BEGIN
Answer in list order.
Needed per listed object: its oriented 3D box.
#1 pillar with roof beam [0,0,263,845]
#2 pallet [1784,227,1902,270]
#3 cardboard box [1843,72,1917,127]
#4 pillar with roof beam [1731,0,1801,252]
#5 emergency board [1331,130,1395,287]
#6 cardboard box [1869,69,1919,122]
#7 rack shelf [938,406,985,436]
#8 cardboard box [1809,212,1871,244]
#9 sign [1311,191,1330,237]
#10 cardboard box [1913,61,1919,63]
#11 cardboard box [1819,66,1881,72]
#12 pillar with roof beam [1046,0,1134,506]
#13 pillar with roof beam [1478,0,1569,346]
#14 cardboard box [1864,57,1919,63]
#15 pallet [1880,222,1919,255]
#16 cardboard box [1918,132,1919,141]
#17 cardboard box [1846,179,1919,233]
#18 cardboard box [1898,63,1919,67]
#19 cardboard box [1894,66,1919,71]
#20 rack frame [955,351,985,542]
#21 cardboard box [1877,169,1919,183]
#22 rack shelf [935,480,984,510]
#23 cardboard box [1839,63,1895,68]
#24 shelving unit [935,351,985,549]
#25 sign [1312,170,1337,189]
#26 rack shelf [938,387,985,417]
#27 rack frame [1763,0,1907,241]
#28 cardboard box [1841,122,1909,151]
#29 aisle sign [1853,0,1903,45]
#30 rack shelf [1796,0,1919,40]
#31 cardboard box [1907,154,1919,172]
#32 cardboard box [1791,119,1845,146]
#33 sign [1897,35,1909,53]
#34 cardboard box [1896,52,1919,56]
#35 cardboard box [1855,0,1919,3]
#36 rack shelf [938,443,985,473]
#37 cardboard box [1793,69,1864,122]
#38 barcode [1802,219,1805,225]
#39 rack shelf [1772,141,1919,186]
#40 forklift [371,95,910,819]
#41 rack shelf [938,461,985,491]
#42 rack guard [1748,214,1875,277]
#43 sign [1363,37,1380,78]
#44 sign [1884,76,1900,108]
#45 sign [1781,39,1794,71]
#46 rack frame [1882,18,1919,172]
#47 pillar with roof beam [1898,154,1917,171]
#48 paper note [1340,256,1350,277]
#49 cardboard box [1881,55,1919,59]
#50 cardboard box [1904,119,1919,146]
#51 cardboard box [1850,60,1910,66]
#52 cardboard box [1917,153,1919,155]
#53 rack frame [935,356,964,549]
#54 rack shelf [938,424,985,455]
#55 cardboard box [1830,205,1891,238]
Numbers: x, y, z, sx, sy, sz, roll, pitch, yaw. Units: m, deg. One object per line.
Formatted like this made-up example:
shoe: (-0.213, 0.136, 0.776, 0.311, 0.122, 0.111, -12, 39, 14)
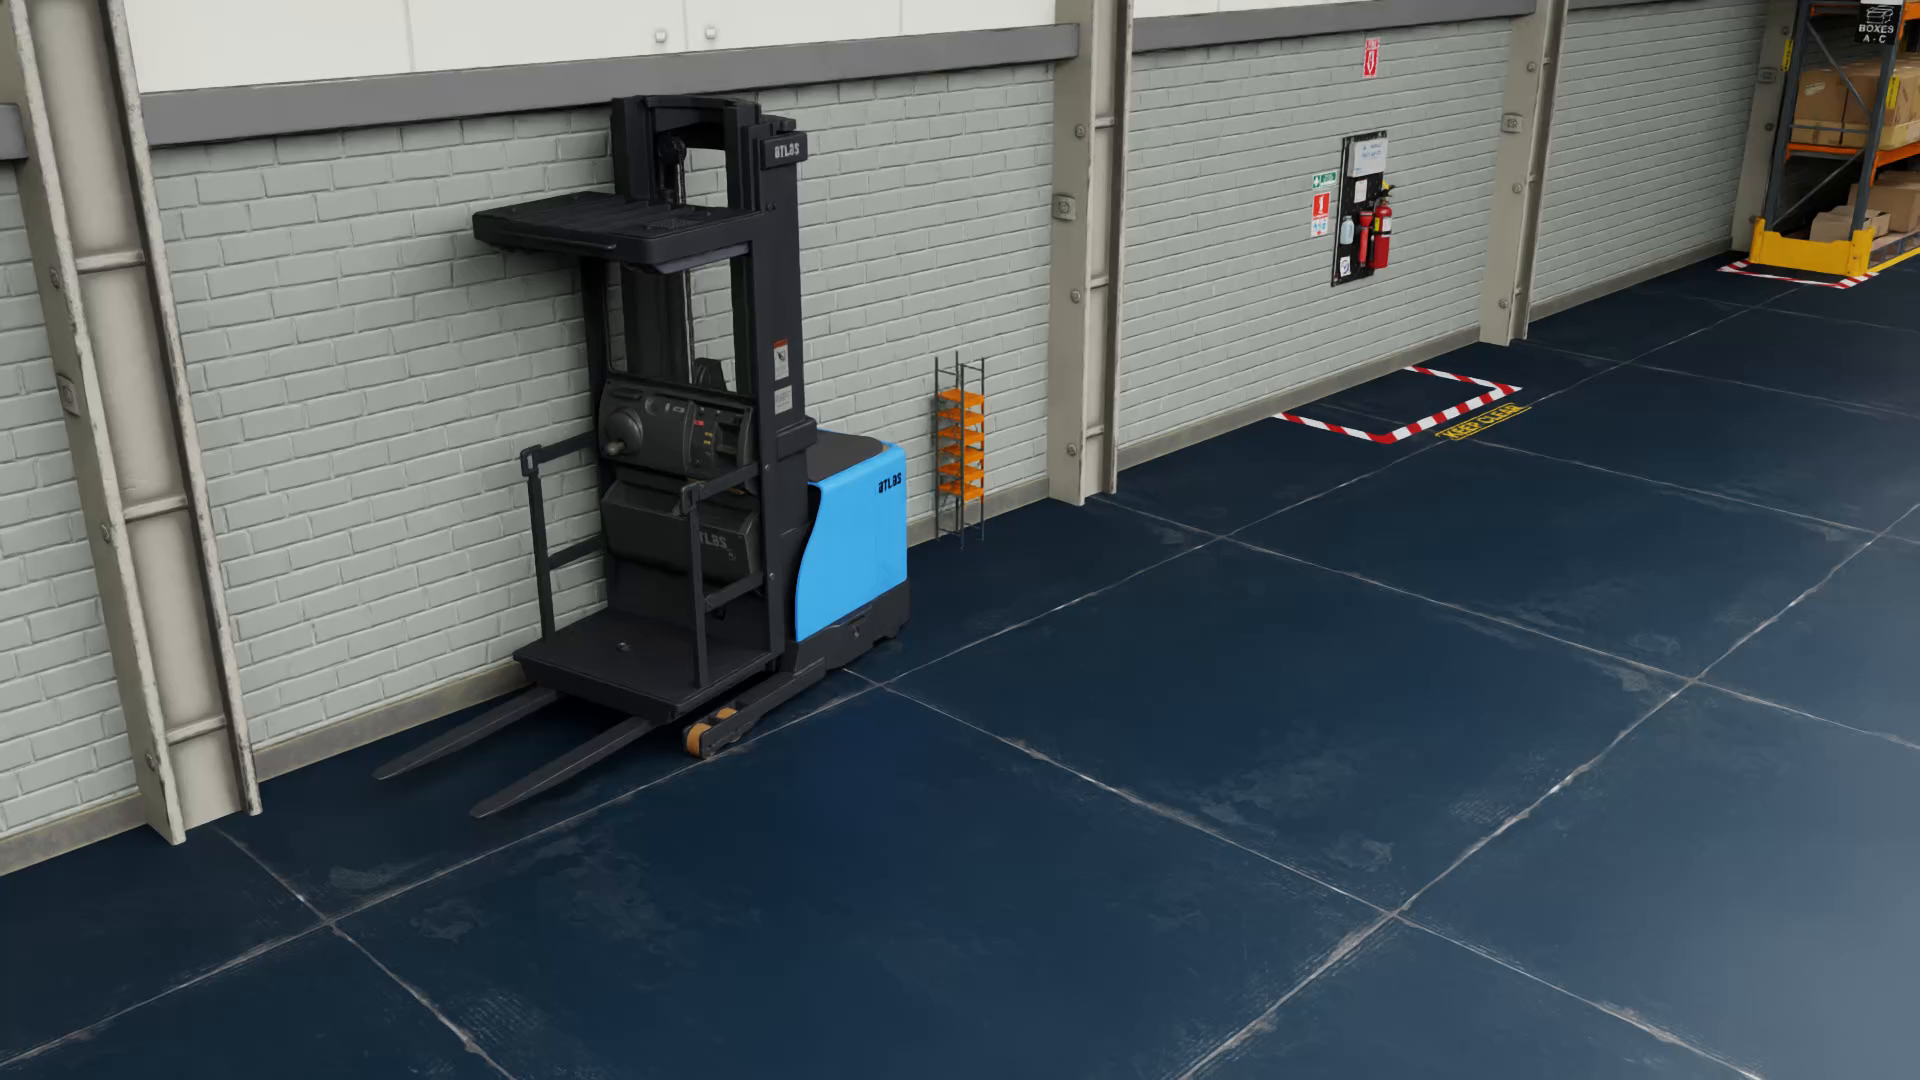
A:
pillar with roof beam: (-0.271, -1.897, 2.968, 9.100, 9.000, 0.400, 19, 28, 41)
pallet: (9.978, -3.323, 18.925, 1.003, 0.211, 1.213, 19, 28, 41)
cardboard box: (9.881, -4.742, 17.866, 0.500, 0.500, 0.500, 19, 28, 41)
pillar with roof beam: (12.285, -6.524, 15.006, 9.100, 9.000, 0.400, 19, 28, 41)
emergency board: (3.264, -2.633, 13.245, 0.194, 1.169, 0.643, 19, 28, 41)
cardboard box: (10.233, -4.866, 18.190, 0.500, 0.500, 0.500, 19, 28, 41)
rack shelf: (-0.002, -0.737, 10.275, 0.258, 0.103, 0.180, 19, 28, 40)
cardboard box: (9.880, -3.511, 18.662, 0.500, 0.311, 0.500, 15, 26, 35)
sign: (2.804, -2.534, 12.936, 0.001, 0.329, 0.234, 19, 28, 41)
cardboard box: (11.312, -5.267, 19.233, 0.500, 0.500, 0.500, 18, 28, 39)
cardboard box: (9.867, -4.996, 18.527, 0.500, 0.500, 0.500, -20, 29, -41)
pillar with roof beam: (3.914, -3.439, 6.980, 9.100, 9.000, 0.400, 19, 28, 41)
pillar with roof beam: (8.100, -4.982, 10.993, 9.100, 9.000, 0.400, 19, 28, 41)
cardboard box: (10.930, -5.395, 19.566, 0.500, 0.500, 0.500, -19, 28, -41)
pallet: (10.829, -3.635, 19.737, 1.003, 0.211, 1.213, 19, 28, 41)
cardboard box: (10.612, -4.657, 18.690, 0.500, 0.250, 0.500, 19, 28, 40)
cardboard box: (10.825, -3.921, 19.467, 0.700, 0.500, 0.500, 17, 27, 37)
cardboard box: (10.949, -5.133, 18.885, 0.500, 0.500, 0.500, -19, 28, -40)
cardboard box: (10.598, -4.998, 18.532, 0.500, 0.500, 0.500, 18, 27, 39)
rack frame: (0.061, -0.579, 10.408, 0.240, 1.200, 0.006, 19, 28, 40)
cardboard box: (11.427, -4.195, 20.178, 0.500, 0.500, 0.500, 17, 27, 37)
rack shelf: (-0.002, -0.289, 10.447, 0.258, 0.103, 0.180, 19, 28, 40)
cardboard box: (10.225, -5.130, 18.875, 0.500, 0.500, 0.500, 18, 28, 39)
shelving unit: (-0.002, -0.555, 10.345, 0.258, 1.200, 0.189, 19, 28, 40)
sign: (2.814, -2.780, 12.838, 0.001, 0.109, 0.331, 19, 28, 41)
rack shelf: (-0.002, -0.849, 10.232, 0.258, 0.103, 0.180, 19, 28, 40)
rack frame: (9.332, -4.405, 17.854, 1.000, 3.000, 0.127, 19, 28, 41)
cardboard box: (9.900, -4.390, 17.997, 0.500, 0.250, 0.500, 18, 28, 39)
aisle sign: (9.497, -5.525, 17.144, 0.394, 0.787, 0.004, 19, 28, 41)
rack shelf: (10.728, -5.983, 18.782, 1.077, 0.370, 4.000, 19, 28, 41)
cardboard box: (12.624, -4.665, 21.402, 0.500, 0.500, 0.700, -19, 28, -40)
cardboard box: (9.520, -4.513, 18.316, 0.500, 0.250, 0.500, -20, 28, -41)
sign: (11.723, -6.112, 20.680, 0.100, 0.325, 0.005, 19, 28, 41)
cardboard box: (11.645, -5.654, 20.240, 0.500, 0.500, 0.500, 18, 28, 39)
cardboard box: (9.745, -5.884, 17.355, 0.500, 0.500, 0.500, -19, 28, -41)
rack shelf: (-0.002, -0.513, 10.361, 0.258, 0.103, 0.180, 19, 28, 40)
cardboard box: (9.509, -4.869, 18.196, 0.500, 0.500, 0.500, 19, 28, 40)
barcode: (9.606, -3.620, 18.932, 0.001, 0.075, 0.075, 19, 28, 41)
rack shelf: (10.728, -4.583, 19.321, 1.077, 0.370, 4.000, 19, 28, 41)
forklift: (-1.487, -0.523, 7.850, 1.130, 2.935, 3.031, 13, 24, 30)
rack shelf: (-0.002, -0.401, 10.404, 0.258, 0.103, 0.180, 19, 28, 40)
rack guard: (9.385, -3.258, 18.353, 1.175, 0.500, 0.348, 19, 28, 41)
sign: (3.187, -3.738, 12.888, 0.001, 0.298, 0.199, 19, 28, 41)
sign: (9.721, -4.673, 17.345, 0.100, 0.325, 0.005, 19, 28, 41)
sign: (8.949, -5.237, 17.964, 0.100, 0.325, 0.005, 19, 28, 41)
rack frame: (12.123, -5.433, 20.529, 1.000, 3.000, 0.127, 19, 28, 41)
pillar with roof beam: (16.471, -8.066, 19.018, 9.100, 9.000, 0.400, 19, 28, 41)
paper note: (3.091, -2.194, 13.329, 0.016, 0.148, 0.142, 19, 28, 41)
cardboard box: (11.282, -5.522, 19.896, 0.500, 0.500, 0.500, 19, 28, 40)
cardboard box: (10.252, -4.527, 18.353, 0.500, 0.250, 0.500, 18, 28, 39)
cardboard box: (10.576, -5.259, 19.212, 0.500, 0.500, 0.500, -20, 29, -41)
cardboard box: (12.949, -4.810, 21.780, 0.700, 0.500, 0.500, 19, 28, 40)
rack frame: (-0.065, -0.531, 10.283, 0.240, 1.200, 0.006, 19, 28, 40)
rack shelf: (-0.002, -0.625, 10.318, 0.258, 0.103, 0.180, 19, 28, 40)
cardboard box: (10.277, -3.657, 19.043, 0.500, 0.311, 0.500, -17, 27, -38)
END
Work to complete
Above are the entries. Copy exactly the part that opens with the line containing "#39 rack shelf [1772,141,1919,186]" and closes with the line containing "shoe: (-0.213, 0.136, 0.776, 0.311, 0.122, 0.111, -12, 39, 14)", and no more.

Response area
#39 rack shelf [1772,141,1919,186]
#40 forklift [371,95,910,819]
#41 rack shelf [938,461,985,491]
#42 rack guard [1748,214,1875,277]
#43 sign [1363,37,1380,78]
#44 sign [1884,76,1900,108]
#45 sign [1781,39,1794,71]
#46 rack frame [1882,18,1919,172]
#47 pillar with roof beam [1898,154,1917,171]
#48 paper note [1340,256,1350,277]
#49 cardboard box [1881,55,1919,59]
#50 cardboard box [1904,119,1919,146]
#51 cardboard box [1850,60,1910,66]
#52 cardboard box [1917,153,1919,155]
#53 rack frame [935,356,964,549]
#54 rack shelf [938,424,985,455]
#55 cardboard box [1830,205,1891,238]
Numbers: x, y, z, sx, sy, sz, roll, pitch, yaw. Units: m, deg. One object per line.
Formatted like this made-up example:
shoe: (-0.213, 0.136, 0.776, 0.311, 0.122, 0.111, -12, 39, 14)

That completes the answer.